Multibit is somewhat closer, and is also open source and could be forked, but most alts seem to stick with Electrum.
In point of fact there are NO pure SPV wallets because SPV as described in the white paper also includes the network having a warning system against attacks, which doesn't exist, and the original description doesn't include any practical or privacy-preserving method for querying your transactions either.

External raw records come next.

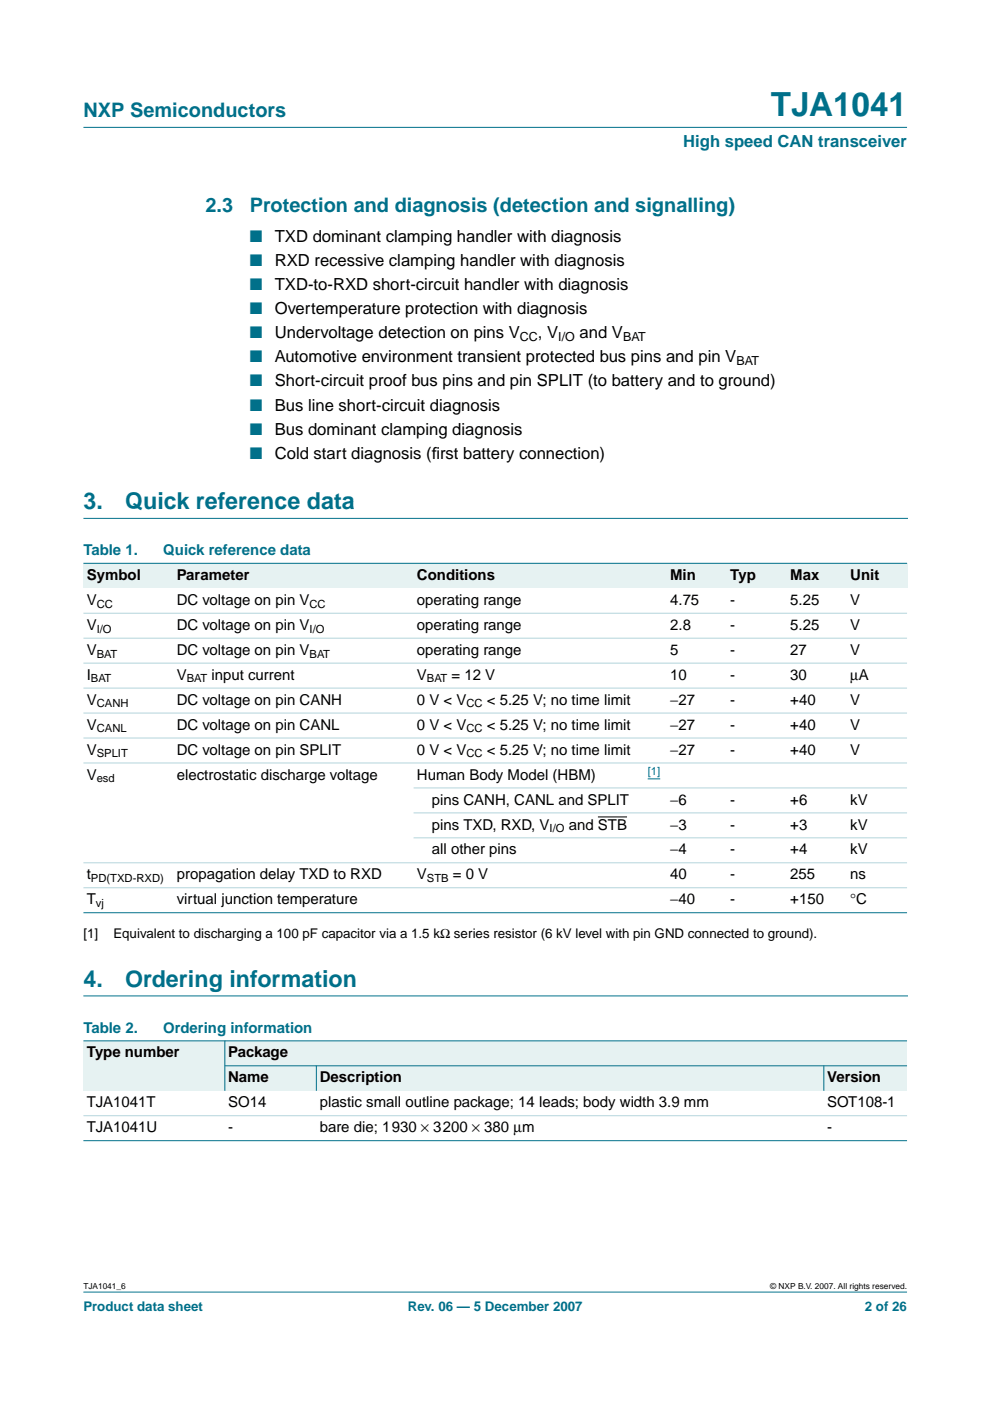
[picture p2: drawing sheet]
<svg xmlns="http://www.w3.org/2000/svg" width="210mm" height="297mm" viewBox="0 0 210 297" stroke-linecap="round" stroke-linejoin="round" font-family="sans-serif">
<defs><g id="words">
<text font-size="7.1" fill="#00708a" x="163.4" y="24.7">TJA1041</text>
<g font-size="4.9" fill="#00708a">
<text x="17.7" y="107.9">3.</text>
<text x="26.5" y="107.9">Quick reference data</text>
<text x="17.7" y="209.2">4.</text>
<text x="26.5" y="209.2">Ordering information</text>
</g>
<g font-size="4.2" fill="#00708a">
<text x="17.7" y="24.9">NXP Semiconductors</text>
<text x="43.6" y="45">2.3</text>
<text x="53" y="45">Protection and diagnosis (detection and signalling)</text>
</g>
<g font-size="3.5" fill="#00708a">
<text x="144.9" y="31.1">High speed CAN transceiver</text>
<text x="53" y="51.2">■</text>
<text x="53" y="56.3">■</text>
<text x="53" y="61.5">■</text>
<text x="53" y="66.6">■</text>
<text x="53" y="71.7">■</text>
<text x="53" y="76.8">■</text>
<text x="53" y="81.9">■</text>
<text x="53" y="87">■</text>
<text x="53" y="92.2">■</text>
<text x="53" y="97.3">■</text>
</g>
<g font-size="3.5">
<text x="58.3" y="51.2">TXD dominant clamping handler with diagnosis</text>
<text x="58.3" y="56.3">RXD recessive clamping handler with diagnosis</text>
<text x="58.3" y="61.5">TXD-to-RXD short-circuit handler with diagnosis</text>
<text x="58.3" y="66.6">Overtemperature protection with diagnosis</text>
<text x="58.3" y="71.7">Undervoltage detection on pins V</text>
<text x="114.1" y="71.7">, V</text>
<text x="122.9" y="71.7">and V</text>
<text x="58.3" y="76.8">Automotive environment transient protected bus pins and pin V</text>
<text x="58.3" y="81.9">Short-circuit proof bus pins and pin SPLIT (to battery and to ground)</text>
<text x="58.3" y="87">Bus line short-circuit diagnosis</text>
<text x="58.3" y="92.2">Bus dominant clamping diagnosis</text>
<text x="58.3" y="97.3">Cold start diagnosis (f</text>
<text x="91.5" y="97.3">irst battery connection)</text>
</g>
<g font-size="3.2" fill="#00708a">
<text x="17.7" y="117.7">Table 1.</text>
<text x="34.6" y="117.7">Quick reference data</text>
<text x="17.7" y="218.9">Table 2.</text>
<text x="34.6" y="218.9">Ordering information</text>
</g>
<g font-size="3.2">
<text x="18.4" y="123">Symbol</text>
<text x="37.5" y="123">Parameter</text>
<text x="88.4" y="123">Conditions</text>
<text x="142.1" y="123">Min</text>
<text x="154.8" y="123">Typ</text>
<text x="167.6" y="123">Max</text>
<text x="180.3" y="123">Unit</text>
<text x="18.4" y="128.3">V</text>
<text x="37.5" y="128.3">DC voltage on pin V</text>
<text x="88.4" y="128.3">operating range</text>
<text x="142.1" y="128.3">4.75</text>
<text x="154.8" y="128.3">-</text>
<text x="167.6" y="128.3">5.25</text>
<text x="180.3" y="128.3">V</text>
<text x="18.4" y="133.5">V</text>
<text x="37.5" y="133.5">DC voltage on pin V</text>
<text x="88.4" y="133.5">operating range</text>
<text x="142.1" y="133.5">2.8</text>
<text x="154.8" y="133.5">-</text>
<text x="167.6" y="133.5">5.25</text>
<text x="180.3" y="133.5">V</text>
<text x="18.4" y="138.8">V</text>
<text x="37.5" y="138.8">DC voltage on pin V</text>
<text x="88.4" y="138.8">operating range</text>
<text x="142.1" y="138.8">5</text>
<text x="154.8" y="138.8">-</text>
<text x="167.6" y="138.8">27</text>
<text x="180.3" y="138.8">V</text>
<text x="18.4" y="144.1">I</text>
<text x="18.4" y="149.4">V</text>
<text x="37.5" y="144.1">V</text>
<text x="37.5" y="149.4">DC voltage on pin CANH</text>
<text x="44.8" y="144.1">input current</text>
<text x="88.4" y="144.1">V</text>
<text x="88.4" y="149.4">0 V &lt; V</text>
<text x="95.7" y="144.1">= 12 V</text>
<text x="103.2" y="149.4">&lt; 5.25 V; no time limit</text>
<text x="142.1" y="149.4">−27</text>
<text x="142.1" y="144.1">10</text>
<text x="154.8" y="149.4">-</text>
<text x="154.8" y="144.1">-</text>
<text x="167.6" y="149.4">+40</text>
<text x="167.6" y="144.1">30</text>
<text x="180.3" y="149.4">V</text>
<text x="180.3" y="144.1">µA</text>
<text x="18.4" y="154.7">V</text>
<text x="37.5" y="154.7">DC voltage on pin CANL</text>
<text x="88.4" y="154.7">0 V &lt; V</text>
<text x="103.2" y="154.7">&lt; 5.25 V; no time limit</text>
<text x="142.1" y="154.7">−27</text>
<text x="154.8" y="154.7">-</text>
<text x="167.6" y="154.7">+40</text>
<text x="180.3" y="154.7">V</text>
<text x="18.4" y="160">V</text>
<text x="37.5" y="160">DC voltage on pin SPLIT</text>
<text x="88.4" y="160">0 V &lt; V</text>
<text x="103.2" y="160">&lt; 5.25 V; no time limit</text>
<text x="142.1" y="160">−27</text>
<text x="154.8" y="160">-</text>
<text x="167.6" y="160">+40</text>
<text x="180.3" y="160">V</text>
<text x="18.4" y="165.3">V</text>
<text x="37.5" y="165.3">electrostatic discharge voltage</text>
<text x="88.4" y="165.3">Human Body Model (HBM)</text>
<text x="91.6" y="170.6">pins CANH, CANL and SPLIT</text>
<text x="142.1" y="170.6">−6</text>
<text x="154.8" y="170.6">-</text>
<text x="167.6" y="170.6">+6</text>
<text x="180.3" y="170.6">kV</text>
<text x="91.6" y="175.9">pins TXD, RXD, V</text>
<text x="120.6" y="175.9">and STB</text>
<text x="142.1" y="175.9">−3</text>
<text x="154.8" y="175.9">-</text>
<text x="167.6" y="175.9">+3</text>
<text x="180.3" y="175.9">kV</text>
<text x="91.6" y="181.2">all other pins</text>
<text x="142.1" y="181.2">−4</text>
<text x="154.8" y="181.2">-</text>
<text x="167.6" y="181.2">+4</text>
<text x="180.3" y="181.2">kV</text>
<text x="18.4" y="191.8">T</text>
<text x="18.4" y="186.5">t</text>
<text x="37.5" y="186.5">propagation delay TXD to RXD</text>
<text x="37.5" y="191.8">virtual junction temperature</text>
<text x="88.4" y="186.5">V</text>
<text x="96" y="186.5">= 0 V</text>
<text x="142.1" y="191.8">−40</text>
<text x="142.1" y="186.5">40</text>
<text x="154.8" y="191.8">-</text>
<text x="154.8" y="186.5">-</text>
<text x="167.6" y="191.8">+150</text>
<text x="167.6" y="186.5">255</text>
<text x="180.3" y="191.8">°C</text>
<text x="180.3" y="186.5">ns</text>
<text x="18.4" y="224.2">Type number</text>
<text x="48.4" y="224.2">Package</text>
<text x="48.4" y="229.5">Name</text>
<text x="67.8" y="229.5">Description</text>
<text x="175.4" y="229.5">Version</text>
<text x="18.4" y="234.8">TJA1041T</text>
<text x="48.4" y="234.8">SO14</text>
<text x="67.8" y="234.8">plastic small outline package; 14 leads; body width 3.9 mm</text>
<text x="175.4" y="234.8">SOT108-1</text>
<text x="18.4" y="240.1">TJA1041U</text>
<text x="48.4" y="240.1">-</text>
<text x="67.8" y="240.1">bare die; 1930 × 3200 × 380 µm</text>
<text x="175.4" y="240.1">-</text>
</g>
<g font-size="2.8">
<text x="17.7" y="198.9">[1]</text>
<text x="24" y="198.9">Equivalent to discharging a 100 pF capacitor via a 1.5 kΩ series resistor (6 kV level with pin GND connected to ground).</text>
</g>
<g font-size="2.8" fill="#00708a">
<text x="17.7" y="278">Product data sheet</text>
<text x="86.5" y="278">Rev. 06 — 5 December 2007</text>
<text x="183.4" y="278">2 of 26</text>
</g>
<g font-size="2.6">
<text x="110.2" y="72.3">CC</text>
<text x="118.4" y="72.3">I/O</text>
<text x="132.1" y="72.3">BAT</text>
<text x="156.1" y="77.4">BAT</text>
</g>
<g font-size="2.4">
<text x="20.5" y="128.8">CC</text>
<text x="65.6" y="128.8">CC</text>
<text x="20.5" y="134.1">I/O</text>
<text x="65.6" y="134.1">I/O</text>
<text x="20.5" y="139.4">BAT</text>
<text x="65.6" y="139.4">BAT</text>
<text x="19.3" y="144.7">BAT</text>
<text x="20.5" y="150">CANH</text>
<text x="39.6" y="144.7">BAT</text>
<text x="90.5" y="144.7">BAT</text>
<text x="98.9" y="150">CC</text>
<text x="20.5" y="155.3">CANL</text>
<text x="98.9" y="155.3">CC</text>
<text x="20.5" y="160.6">SPLIT</text>
<text x="98.9" y="160.6">CC</text>
<text x="20.5" y="165.9">esd</text>
<text x="116.5" y="176.4">I/O</text>
<text x="19.3" y="187">PD(TXD-RXD)</text>
<text x="90.5" y="187">STB</text>
<text x="20.3" y="192.3">vj</text>
</g>
<text font-size="2.4" fill="#00f" x="137.3" y="164.3">[1]</text>
<g font-size="1.8">
<text x="17.7" y="273.4">TJA1041_6</text>
<text x="163.3" y="273.4">© NXP B.V. 2007. All rights reserved.</text>
</g>
</g></defs>
<g fill="#00708a" stroke="#00708a" stroke-width=".21">
<path d="M17.7 273.9h174.6z"/>
<path d="M17.7 27h174.6z"/>
</g>
<path d="M17.7 109.9h174.7M17.7 211.2h174.7" fill="none" stroke="#00708a" stroke-width=".21"/>
<g fill="#e6f2f2">
<path d="M17.7 119.4h19.1v5.3h-19.1z" fill-rule="evenodd"/>
<path d="M36.8 119.4h50.9v5.3h-50.9z" fill-rule="evenodd"/>
<path d="M87.7 119.4h48.2v5.3h-48.2z" fill-rule="evenodd"/>
<path d="M135.9 119.4h5.5v5.3h-5.5z" fill-rule="evenodd"/>
<path d="M141.4 119.4h12.7v5.3h-12.7z" fill-rule="evenodd"/>
<path d="M154.1 119.4h12.8v5.3h-12.8z" fill-rule="evenodd"/>
<path d="M166.9 119.4h12.7v5.3h-12.7z" fill-rule="evenodd"/>
<path d="M179.6 119.4h12.7v5.3h-12.7z" fill-rule="evenodd"/>
</g>
<path d="M137.3 165.1h2.7" fill="none" stroke="#00f" stroke-width=".21"/>
<path d="M126.8 173.2h6.1" fill="none" stroke="#000" stroke-width=".21"/>
<g fill="#00708a" stroke="#00708a" stroke-width=".21">
<path d="M17.7 119.4h174.6z"/>
<path d="M17.7 193.5h174.6z"/>
</g>
<g fill="#b3d4db" stroke="#b3d4db" stroke-width=".21">
<path d="M17.7 130h174.6z"/>
<path d="M17.7 135.3h174.6z"/>
<path d="M17.7 140.6h174.6z"/>
<path d="M17.7 145.9h174.6z"/>
<path d="M17.7 151.2h174.6z"/>
<path d="M17.7 156.5h174.6z"/>
<path d="M17.7 161.8h174.6z"/>
<path d="M87.7 167.1h104.6z"/>
<path d="M87.7 172.3h104.6z"/>
<path d="M87.7 177.6h104.6z"/>
<path d="M17.7 182.9h174.6z"/>
<path d="M17.7 188.2h174.6z"/>
</g>
<g fill="#e6f2f2">
<path d="M17.7 220.7h30v10.6h-30z" fill-rule="evenodd"/>
<path d="M47.7 220.7h144.6v5.3h-144.6z" fill-rule="evenodd"/>
<path d="M47.7 226h19.4v5.3h-19.4z" fill-rule="evenodd"/>
<path d="M67.1 226h107.6v5.3h-107.6z" fill-rule="evenodd"/>
<path d="M174.7 226h17.6v5.3h-17.6z" fill-rule="evenodd"/>
</g>
<g fill="#00708a" stroke="#00708a" stroke-width=".21">
<path d="M47.7 220.6v10.7z"/>
<path d="M67.1 225.9v5.4z"/>
<path d="M174.7 225.9v5.4z"/>
<path d="M17.7 220.7h174.6z"/>
<path d="M47.6 226h144.7z"/>
<path d="M17.7 241.8h174.6z"/>
</g>
<path d="M17.7 236.6h174.6z" fill="#b3d4db" stroke="#b3d4db" stroke-width=".21"/>
<use href="#words"/>
</svg>

OK, so I don't care about "pure SPV" I guess. I was hoping to avoid having to have a separate network of "Electrum servers" when we already have a network of CLAM p2p servers. How does MultiBit deal with importing private keys and rescanning? As I understand it, Bitcoin Core doesn't maintain an address index and so has to rescan the whole blockchain when you add a new private key to the wallet, which is time intensive. If MultiBit is talking to regular Core peers, how do they look up the transactions of interest given only the addresses that the MultiBit wallet controls? https://multibit.org/ says: Easy recovery from data loss You can recover your bitcoins using your wallet words if your computer is lost or stolen It appears that in the current version of MultiBit you can't import individual private keys. It only allows you to import "wallet words" for HD wallets you created in Multibit. These "wallet words" have a creation date associated with it, and so the wallet can scan the blockchain from that creation date forward. Any light CLAM wallet is going to have to let people import their old wallets and scan for distribution CLAMs.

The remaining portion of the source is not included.